Set Minimum Password Length Firebase Email & Password Authentication

Question

When using Firebase\'s Email & Password setting it seems like there are no security constraints on the password.

For example I could create the following user:

Answer 1

I would argue that implementing front-end validation here should be enough (at least in a big portion of applications).

If the purpose of this validation is to protect the user himself, then there is no harm in allowing a user to hack your app and set the password to password, go to a forum and post the credentials, and jump out of a window.

Answer 2

A FirebaseAuthWeakPasswordException is thrown when using a weak password (less than 6 chars) to create a new account or to update an existing account's password. Use getReason() to get a message with the reason the validation failed that you can display to your users.

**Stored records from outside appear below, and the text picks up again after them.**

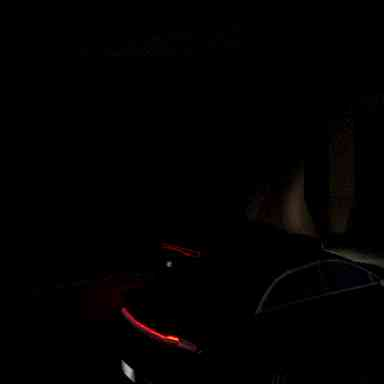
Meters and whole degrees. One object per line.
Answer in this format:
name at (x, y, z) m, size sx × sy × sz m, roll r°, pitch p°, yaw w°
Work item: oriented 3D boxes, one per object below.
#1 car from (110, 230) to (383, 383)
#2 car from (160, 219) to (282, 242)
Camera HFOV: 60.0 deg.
car at (1.360, 1.491, 4.588) m, size 4.902 × 1.511 × 2.128 m, roll 0°, pitch 0°, yaw -35°
car at (1.492, 1.477, 8.981) m, size 5.008 × 1.535 × 1.882 m, roll 0°, pitch 0°, yaw -36°

See https://firebase.google.com/docs/reference/android/com/google/firebase/auth/FirebaseAuthWeakPasswordException for more details.

Answer 3

The problem is with the Reset Password form that Firebase sends. It would be nice to use it and not have to build this out as well.

Answer 4

There is currently no way to configure a minimum password length or strength for Firebase email+password Authentication.

You could build such a restriction into your app, but tech-savvy users can bypass that by calling the API. Or you could introduce a "isPasswordApproved" flag that only a server-side process can set, and then validate the password strength there. But neither of these sound very appealing.